Do you find a crooked painting on a wall frustrating? Can you notice tiny marks on an otherwise blemish free surface? Are you able to single-mindedly spend time making small adjustments until something is just right? Being a watchmaker is about not accepting anything less than what is required

So that’s the basics. Still interested? Well next we’ll talk about the different steps you can take to teach yourself the necessary skills and knowledge you’ll need on your path to becoming a watchmaker!

9 Responses

  1. Andy Willett says:

    Hi Colin,

    I just thought I’d say thank you for these write ups.
    Over the past few weeks I have been toying with the idea of changing my career and following my father’s footsteps into watch/jewellery repair.
    I’m 31, with a young family so attending a full time Uni course away from home wouldn’t / isn’t an option but I’ve decided tonight after reading through your posts that I am enquiring tomorrow about the BHI distance learning course…
    And hopefully kick start a career of which I hold an interest!

    Thanks again!
    Andy

    • Colin Colin says:

      Hi Andy,

      Thank you so much for you kind comments!

      It’s a tough journey, but well worth it in the end. It’s one of the most rewarding careers there is, and it is fantastic that you have made your first steps towards the light!
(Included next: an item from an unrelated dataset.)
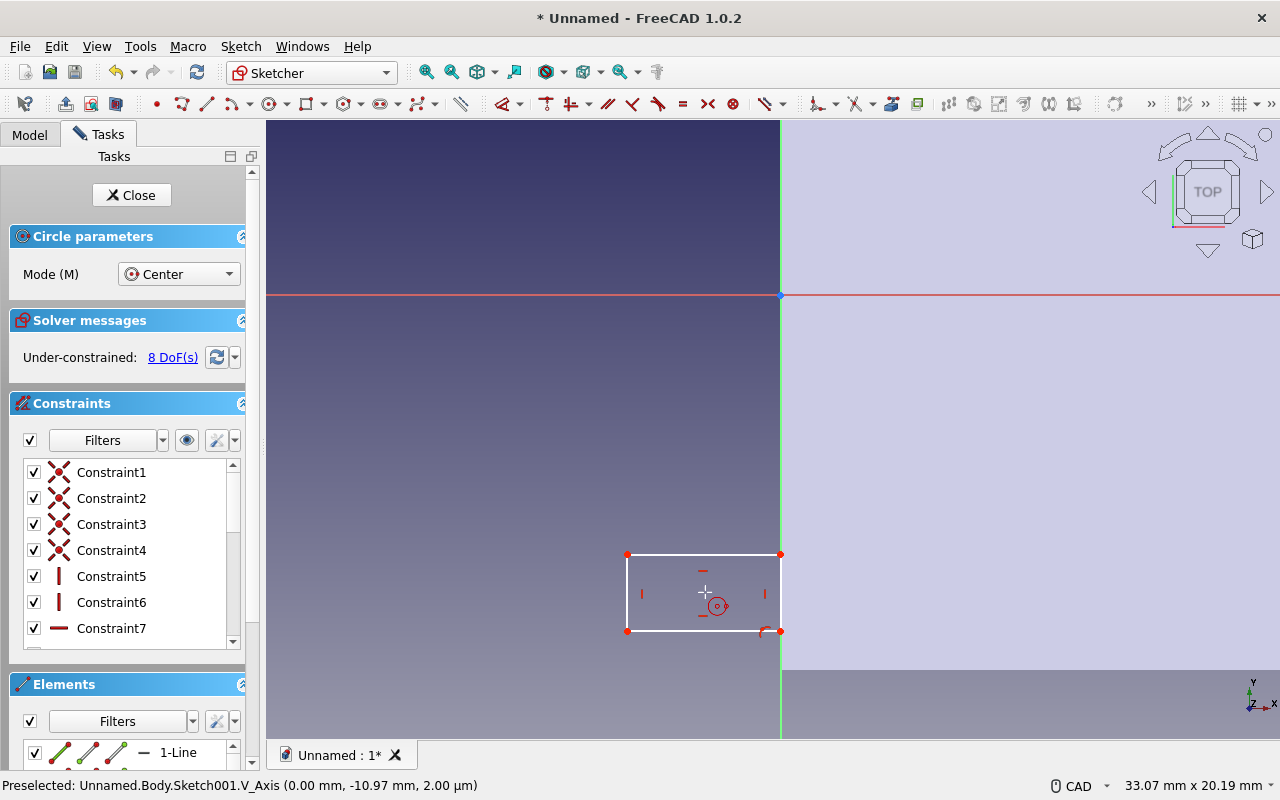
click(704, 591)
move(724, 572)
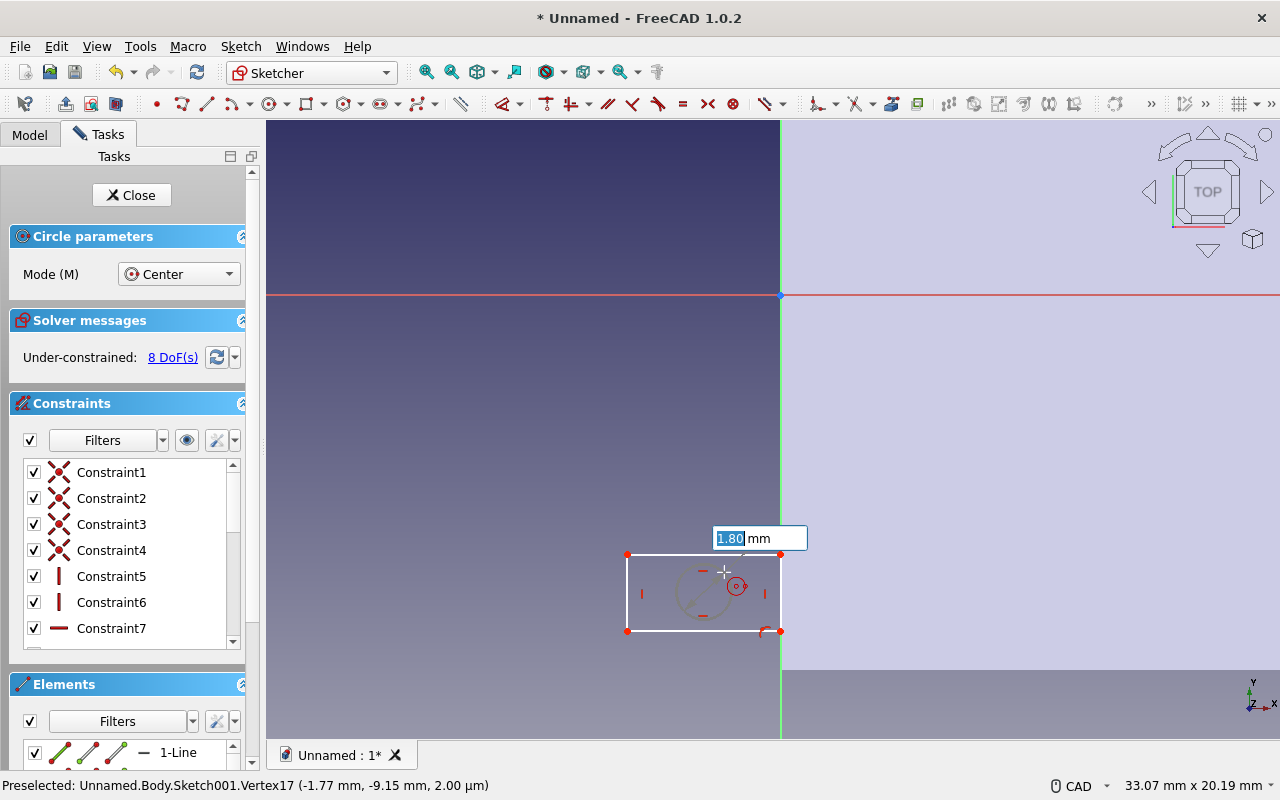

      Please keep me updated. I’d be happy to help you along the way in any way I can.

      Colin

  2. Edmund Beckett says:

    Hi Colin,

    Thank you for sharing your knowledge and love about this noble profession. I am a beggining antique pocket watch collector and watchmaking hobbyist. However, thanks to Internet I have been able to make great strides and often surprise myself with the seemingly innocent repairs I can now perform, such as choosing and fitting a new mainspring, which nonetheless involve certain skills that escape the average collector. My biggest aspiration would be for one day to make my own parts, every single part, and set up my own domestic workshop to restore old timepieces. I post questions sometimes on a forum (see here my last question: http://www.watchrepairtalk.com/topic/5411-broken-centre-wheel-pinion/), but generally it feels a ‘lonely’ hobby as no one within my circle shares this interest. What would be your word of advice? By the way, I look forward to the second installment of the How To Become a Watchmaker series.

    Edmund

    • Colin Colin says:

      Hi Edmund,

      Thanks for your comments.

      Yes, it can be a lonely profession/hobby, because it’s such a small niche. There’s probably a local horology group in your area that you don’t know about. In the UK there’s the BHI branches, some of which are also overseas. Maybe ask at a local hobby fair if you’re not sure.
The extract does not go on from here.